BEGIN TASK INPUT

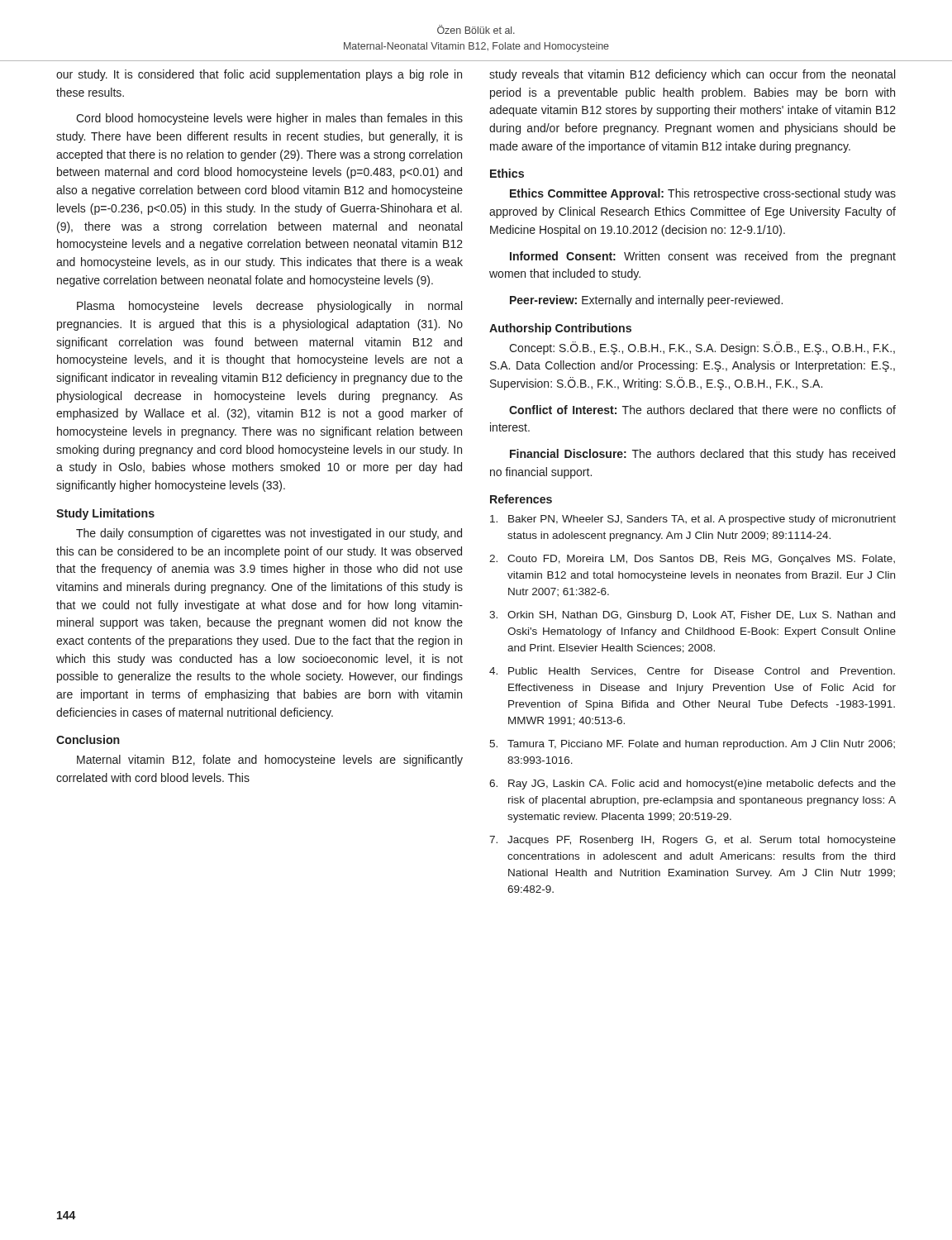
Task: Locate the block of text that opens with "Financial Disclosure: The"
Action: point(693,463)
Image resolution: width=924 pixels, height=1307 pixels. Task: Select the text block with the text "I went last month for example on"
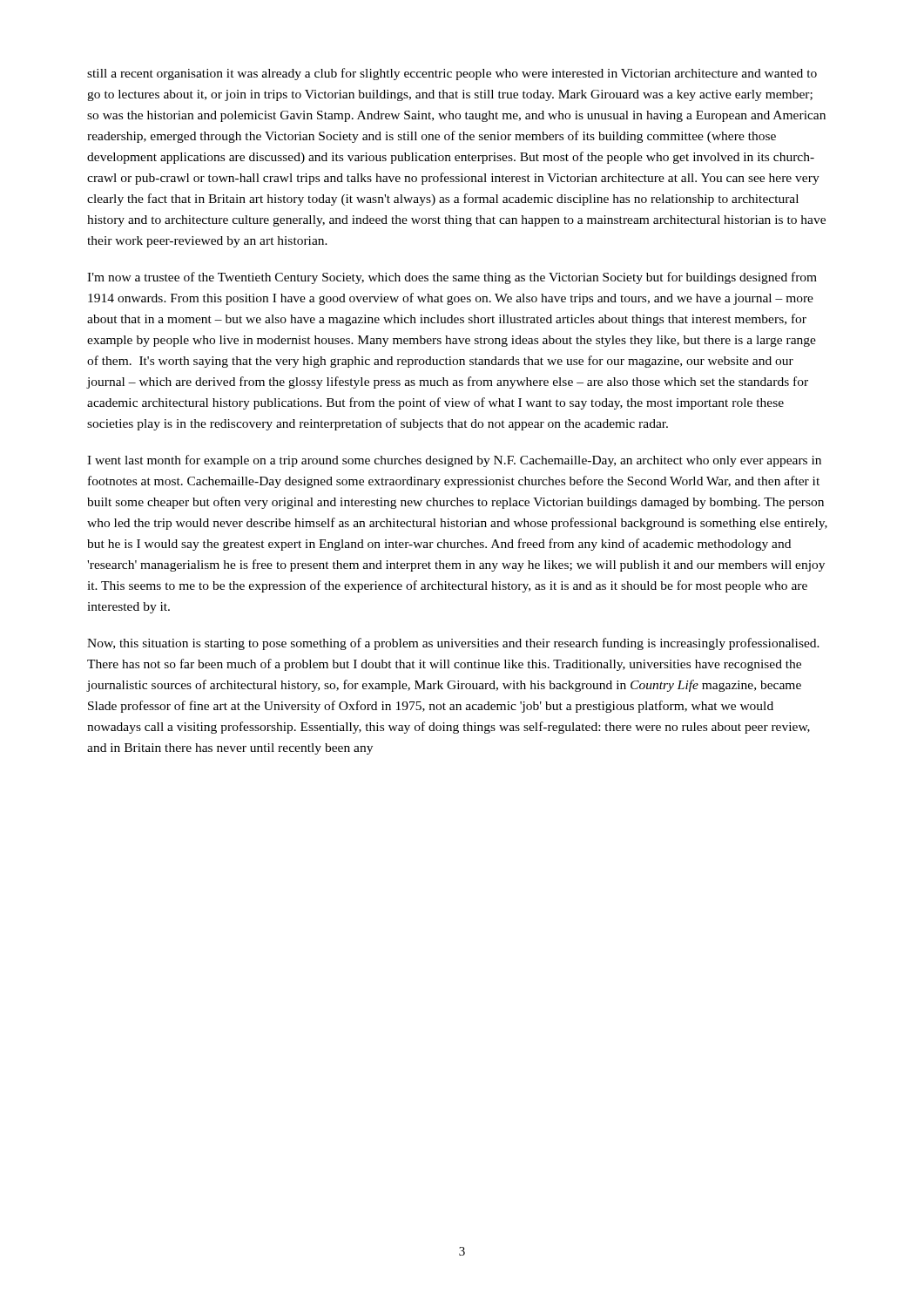coord(457,533)
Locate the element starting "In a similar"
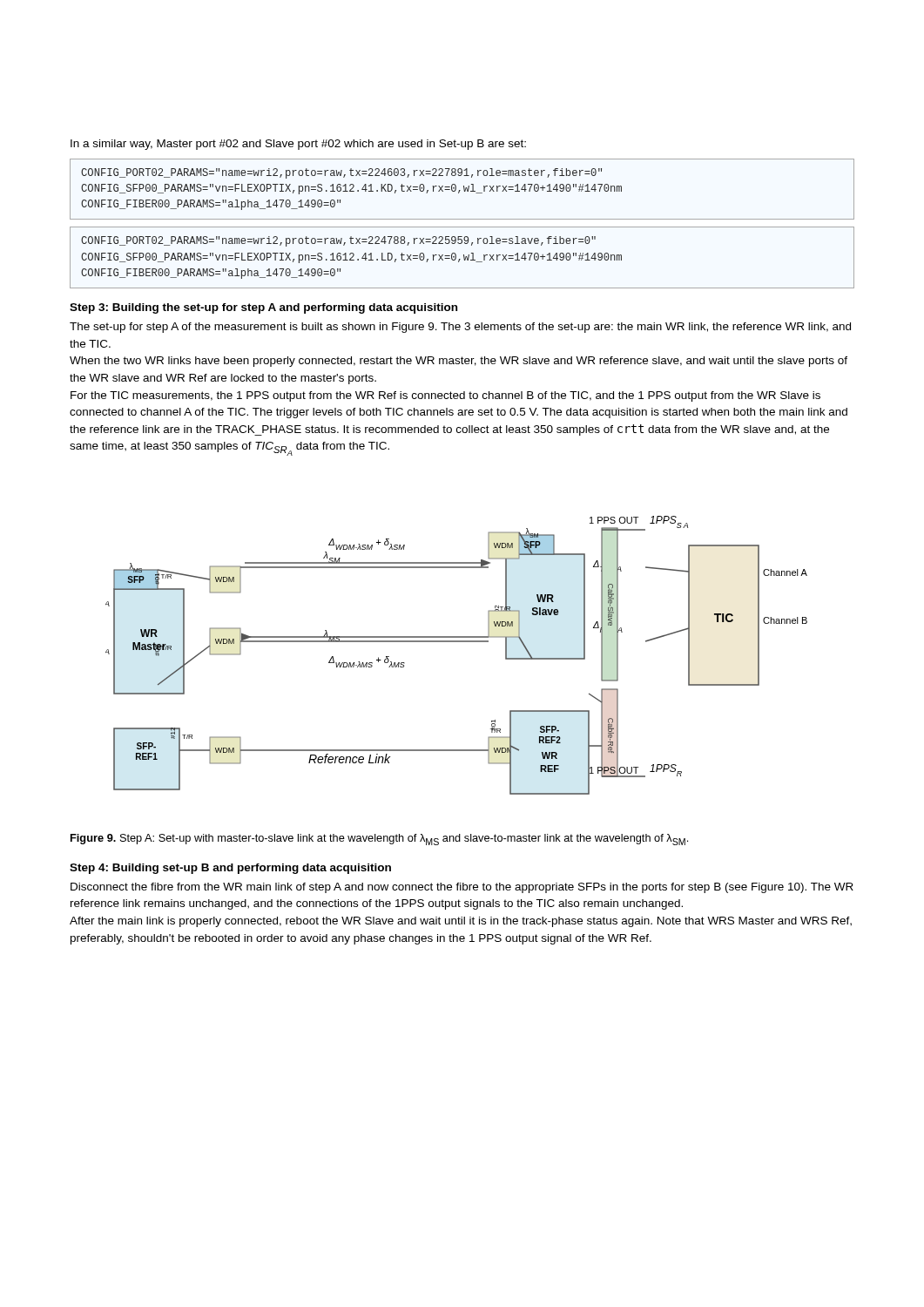924x1307 pixels. [x=298, y=143]
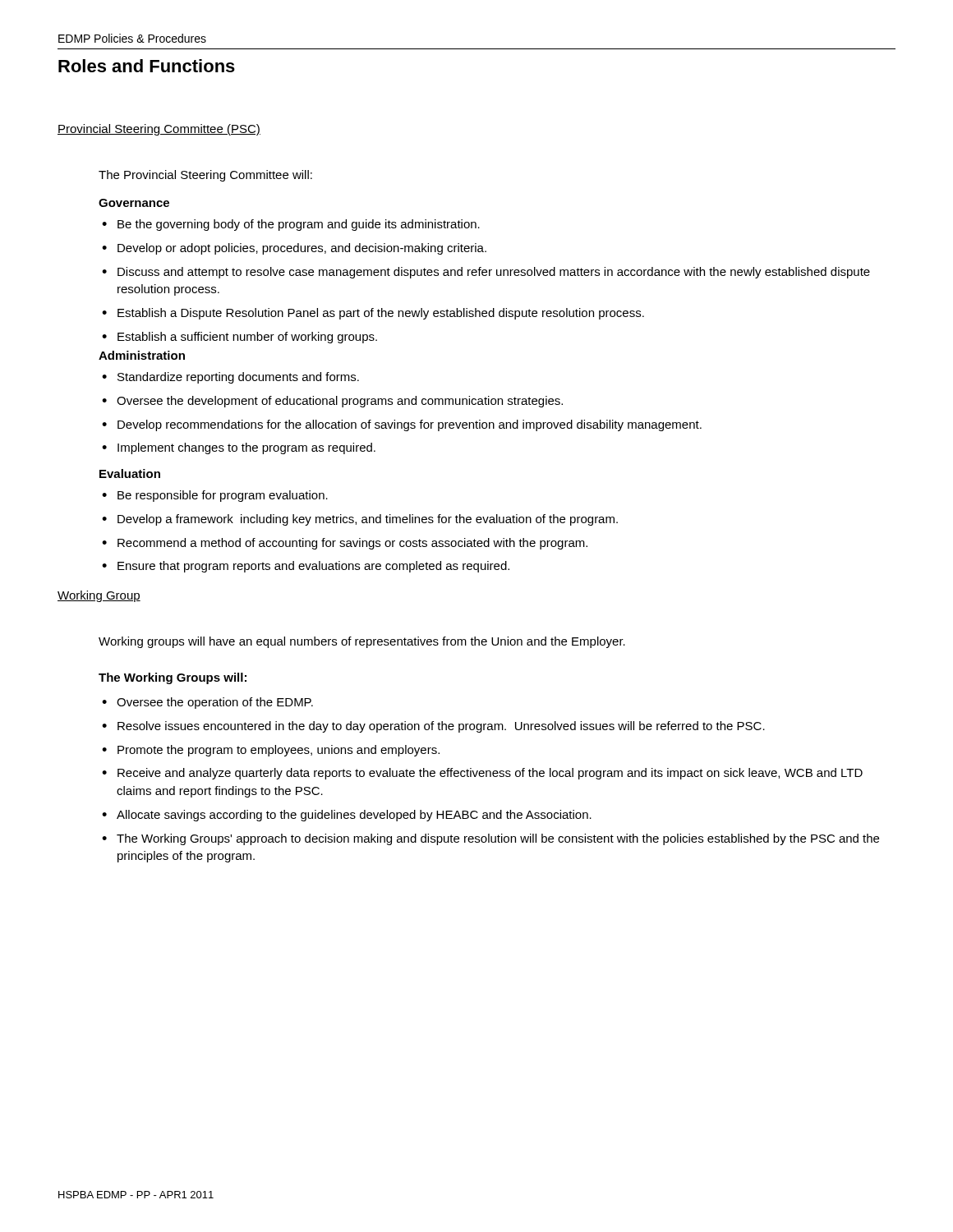This screenshot has width=953, height=1232.
Task: Locate the list item that reads "Develop recommendations for the allocation of savings"
Action: 410,424
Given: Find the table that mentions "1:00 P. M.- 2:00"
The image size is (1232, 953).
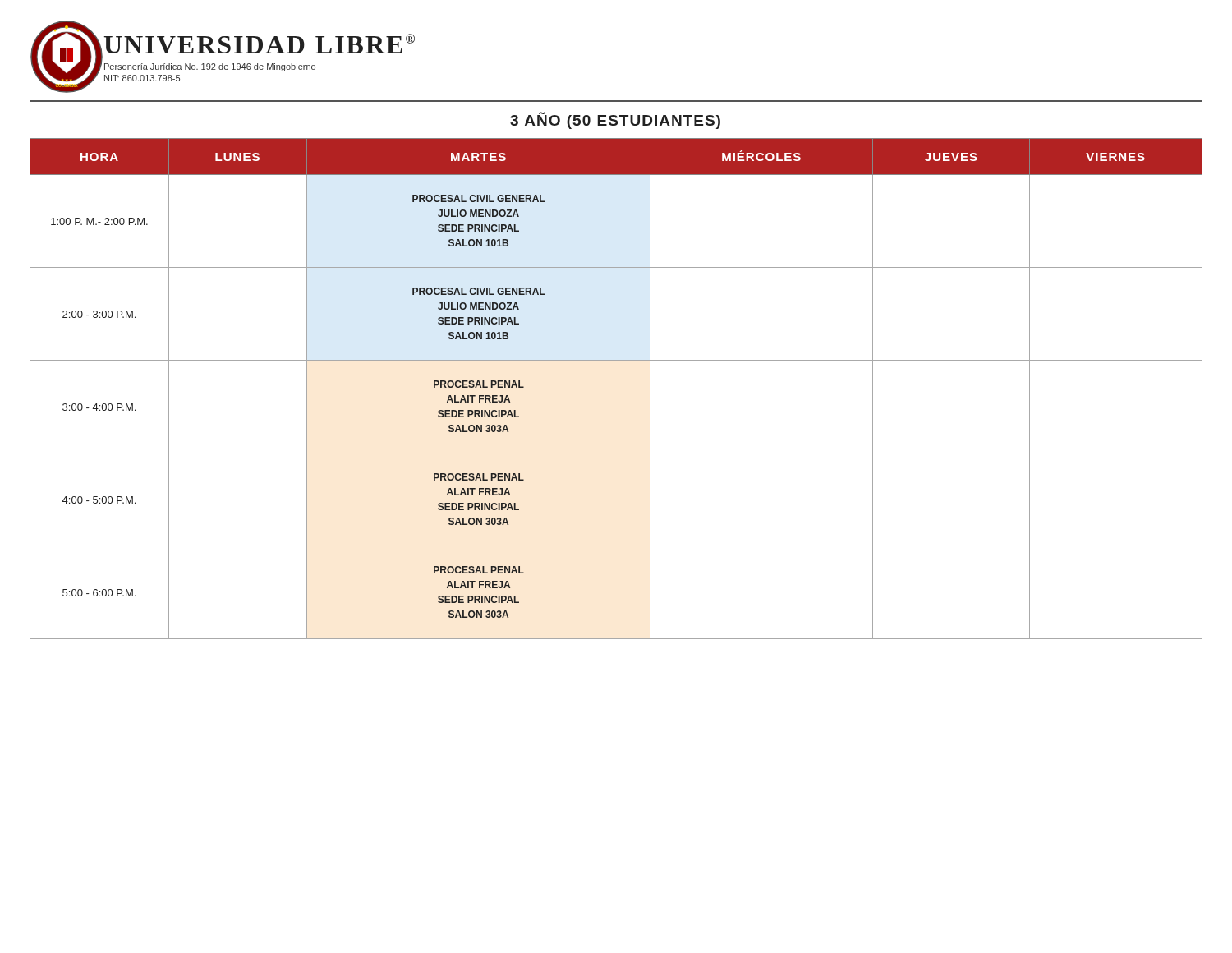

END TASK INPUT

### INSTRUCTIONS TO FOLLOW
Extract, word for word, every line from the one holding "Image resolution: width=924" through the closing line of the data above. Do not include any pictures.

### EXPECTED OUTPUT
Image resolution: width=924 pixels, height=1307 pixels. Task: Select the text block with the text "I went last month for example on"
coord(457,533)
Locate the element starting "In a similar"
924x1307 pixels. [x=298, y=143]
This screenshot has width=953, height=1232.
Task: Locate the list item that reads "Develop recommendations for the allocation of savings"
Action: 410,424
Given: Find the table that mentions "1:00 P. M.- 2:00"
The image size is (1232, 953).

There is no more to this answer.